The potential decline in Indonesia’s achieved immunization coverage target is inevitable during the pandemic, the paediatrician said. He praised the COVID-19 protocols, such as physical distancing at healthcare facilities to ensure the safety of both healthcare workers and visitors.
All facilities, including Posyandu and Puskesmas, for instance, now must schedule childhood immunization separately to prevent healthy children from exposure to diseases from patients and sick visitors. Mask-wearing is mandatory for both health workers and visitors. All immunization rooms must be clean and hygienic.
Without appointments at hospitals or clinics, parents will not be able to get their children vaccinated, Arifianto said. The reservation requirement aims to reduce waiting time, preventing them from possible disease exposure. “With such protocols […] parents should not worry too much about bringing their children to immunization facilities,” he said.
Other countries have also raised concerns about infectious disease threats and outbreaks from immunization delays caused by the coronavirus pandemic.

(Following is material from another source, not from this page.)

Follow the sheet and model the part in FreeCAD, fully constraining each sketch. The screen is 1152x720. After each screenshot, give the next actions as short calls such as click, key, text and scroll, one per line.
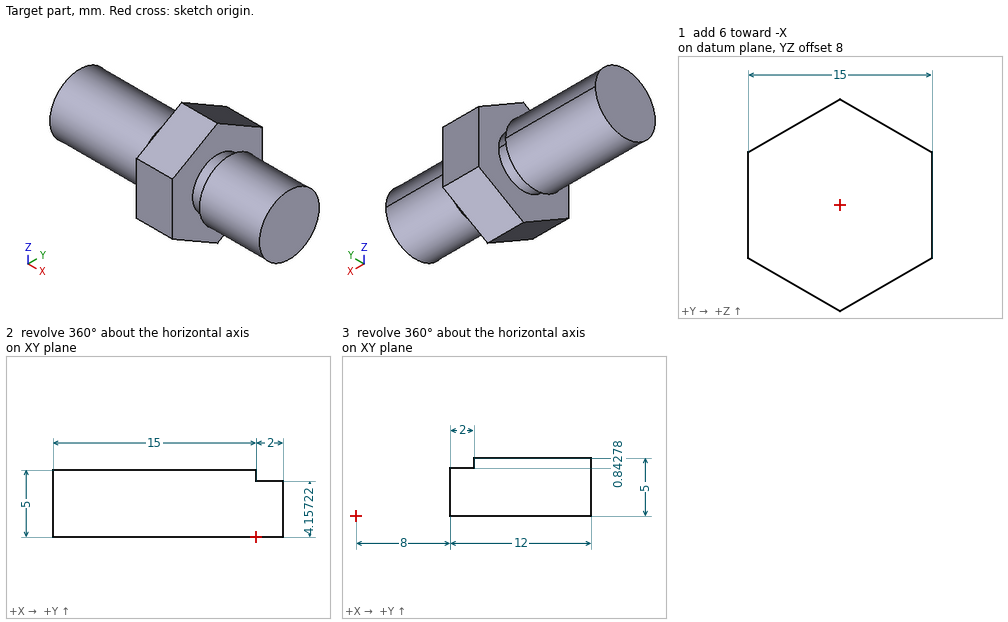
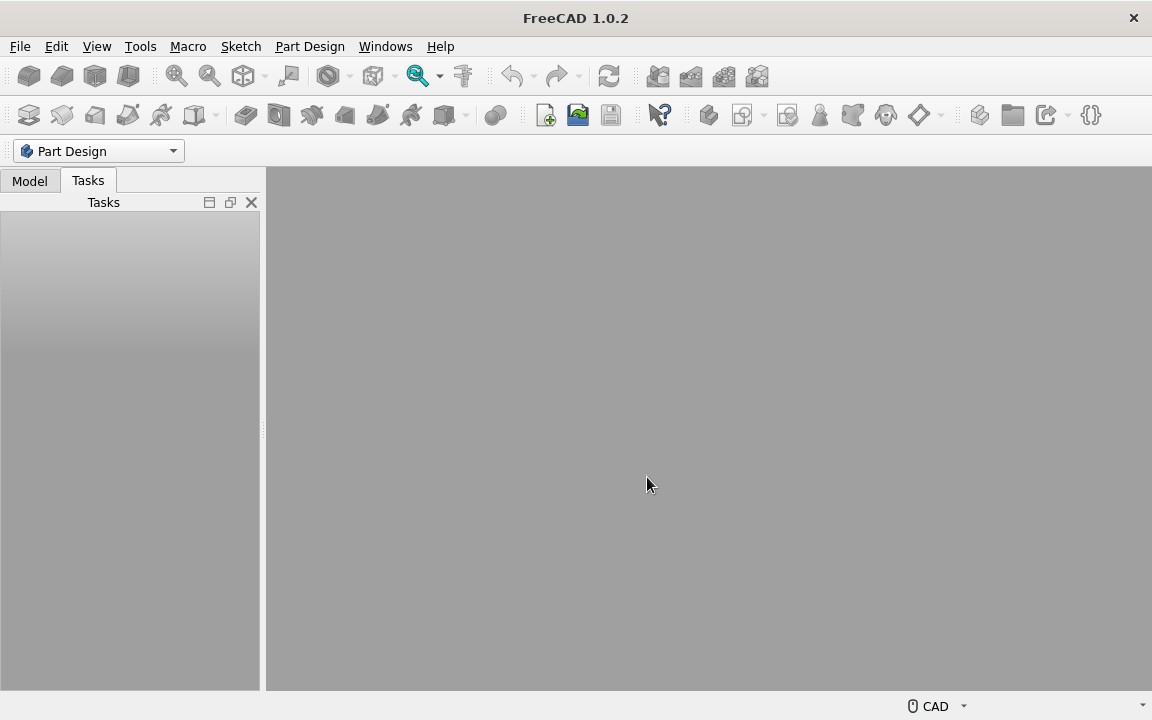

To help countries continue immunization activities amid the virus crisis, the World Health Organization issued special guidelines on March 26. It urges governments to temporarily halt preventive immunization campaigns in the absence of an active outbreak of a vaccine-preventable disease. Countries should continue routine immunization services while ensuring the safety of both the general population and health workers.
In April, the WHO and the United Nations Children’s Fund (UNICEF) stated that more than 117 million children worldwide were at risk of missing out on measles immunization due to the COVID-19 pandemic. These children live in 37 countries, many of which are still dealing with measles outbreaks.

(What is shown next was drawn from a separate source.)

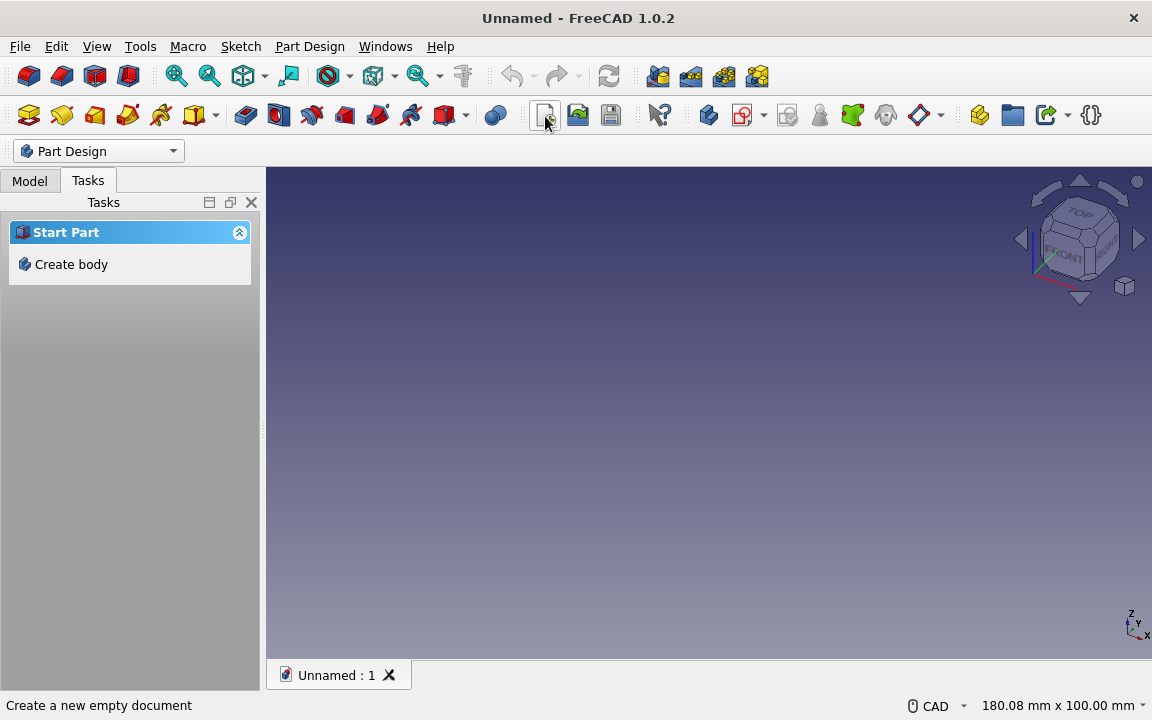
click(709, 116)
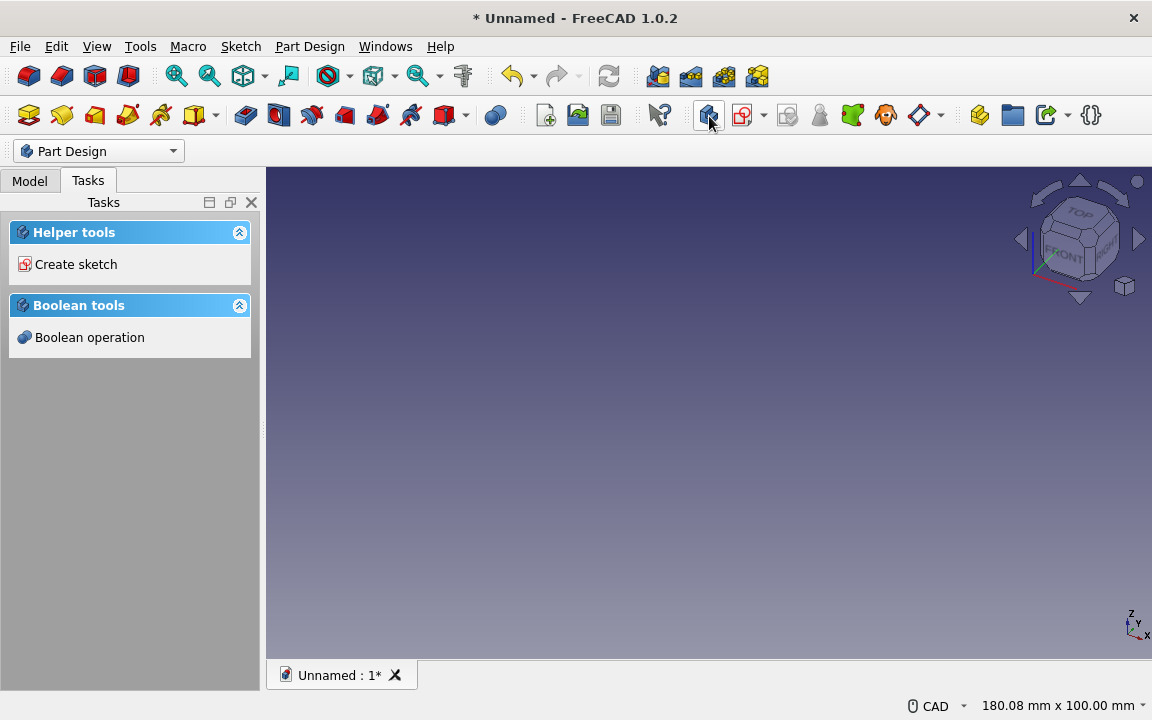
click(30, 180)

Naveen Thacker of the International Pediatrics Association’s Immunization Committee said immunization services needed to continue with caution – even in zones with suspected COVID-19 cases – and they should be made part of essential services.
“Pediatric societies across the world can help governments plan catch-up campaigns [for immunization]. Health workers have to take necessary precautions and wear the required protective gear, the staff at facilities must plan well, build a systematic approach, while keeping in mind the need for social distancing,” Thacker told the Post in an email interview on May 7.
Across nations, immunization services had to remain accessible as essential services, Thacker said. “We must ensure the stock of vaccines and availability of health staff. […] We also need to communicate well with people, so they seek vaccination services even during such times.”
Ensuring routine immunization services is urgent to protect young children from infectious diseases, such as measles, diphtheria and polio. Children with incomplete immunization are more susceptible to vaccine-prevented infectious diseases that could cause physical disabilities and even death.
The ongoing global competition to create a COVID-19 vaccine should be a wake-up call to realize that vaccination is one of the best ways to avoid infectious disease. Vaccine rejection by some parents will only put children at higher risk of contagion. There should be no more doubt about the benefit of vaccination to protect people from serious illnesses.